Dec 25 13:10:27 raspberrypi4 user.warn chirpstack-gateway-bridge[610]: time="2014-12-25T13:10:27.472124189Z" level=warning msg="connect begin"
Dec 25 13:10:27 raspberrypi4 user.warn chirpstack-gateway-bridge[610]: time="2014-12-25T13:10:27.472261838Z" level=warning msg="connect got mutex"

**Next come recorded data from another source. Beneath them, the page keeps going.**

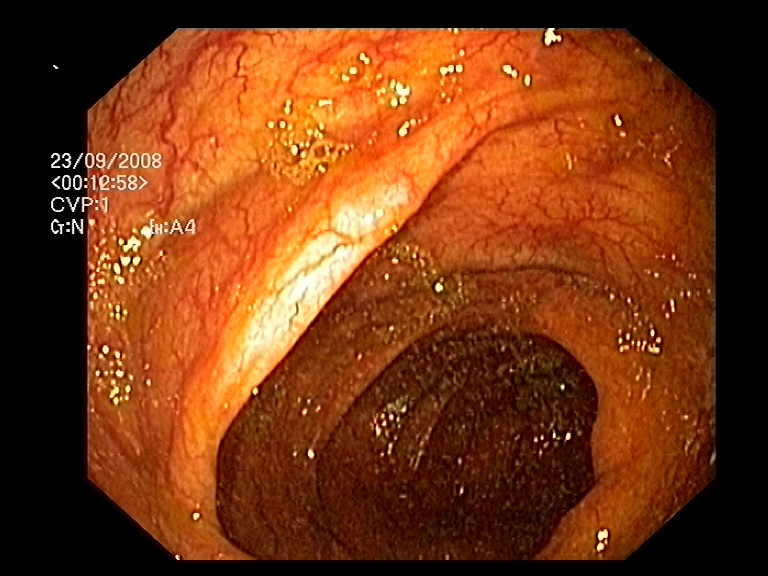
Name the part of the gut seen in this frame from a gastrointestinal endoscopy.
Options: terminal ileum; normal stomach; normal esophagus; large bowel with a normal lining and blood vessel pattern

large bowel with a normal lining and blood vessel pattern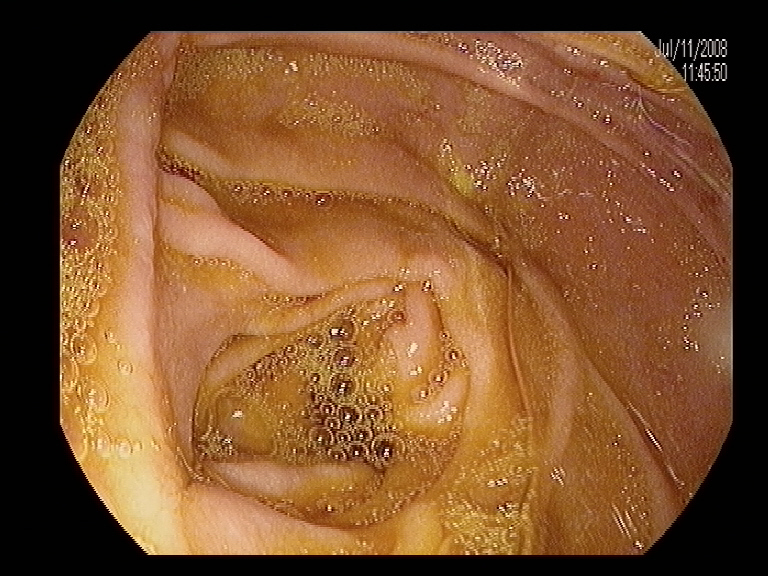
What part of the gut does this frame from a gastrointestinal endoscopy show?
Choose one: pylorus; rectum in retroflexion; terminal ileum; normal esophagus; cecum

terminal ileum

Dec 25 13:10:27 raspberrypi4 user.debug chirpstack-gateway-bridge[610]: time="2014-12-25T13:10:27.472429967Z" level=debug msg="[client] Connect()" module=mqtt
Dec 25 13:10:27 raspberrypi4 user.debug chirpstack-gateway-bridge[610]: time="2014-12-25T13:10:27.472610208Z" level=debug msg="[store] memorystore initialized" module=mqtt
Dec 25 13:10:27 raspberrypi4 user.debug chirpstack-gateway-bridge[610]: time="2014-12-25T13:10:27.472982189Z" level=debug msg="[client] about to write new connect msg" module=mqtt
Dec 25 13:10:27 raspberrypi4 user.err chirpstack-gateway-bridge[610]: time="2014-12-25T13:10:27.586977337Z" level=error msg="[client] x509: certificate has expired or is not yet valid: current time 2014-12-25T13:10:27Z is before 2021-10-05T13:52:00Z" module=mqtt
Dec 25 13:10:27 raspberrypi4 user.warn chirpstack-gateway-bridge[610]: time="2014-12-25T13:10:27.587226134Z" level=warning msg="[client] failed to connect to broker, trying next" module=mqtt
Dec 25 13:10:27 raspberrypi4 user.err chirpstack-gateway-bridge[610]: time="2014-12-25T13:10:27.587405671Z" level=error msg="[client] Failed to connect to a broker" module=mqtt
Dec 25 13:10:27 raspberrypi4 user.debug chirpstack-gateway-bridge[610]: time="2014-12-25T13:10:27.58756293Z" level=debug msg="[store] memorystore closed" module=mqtt
Dec 25 13:10:27 raspberrypi4 user.err chirpstack-gateway-bridge[610]: time="2014-12-25T13:10:27.587799245Z" level=error msg="integration/mqtt: connection error" error="network Error : x509: certificate has expired or is not yet valid: current time 2014-12-25T13:10:27Z is b
In summary, on reboot the connect
returns no error and the client thinks it is connected (and the connectLoop
terminates), but reports the error afterwards. Then after a restart of the chirpstack-gateway-bridge
service, the connect
does return an error and the connectLoop
tries to re-connect.
Edit: I did disable the chirpstack-concentratord
to rule out the possibility that this issue has to do with a possible boot order (e.g. concentratord not yet started when the GW bridge is started on boot).
:facepalm: token.WaitTimeout
returns false
in case of timeout, I think I made the assumption that after the timeout token.Error()
would contain a timeout error, which is not the case.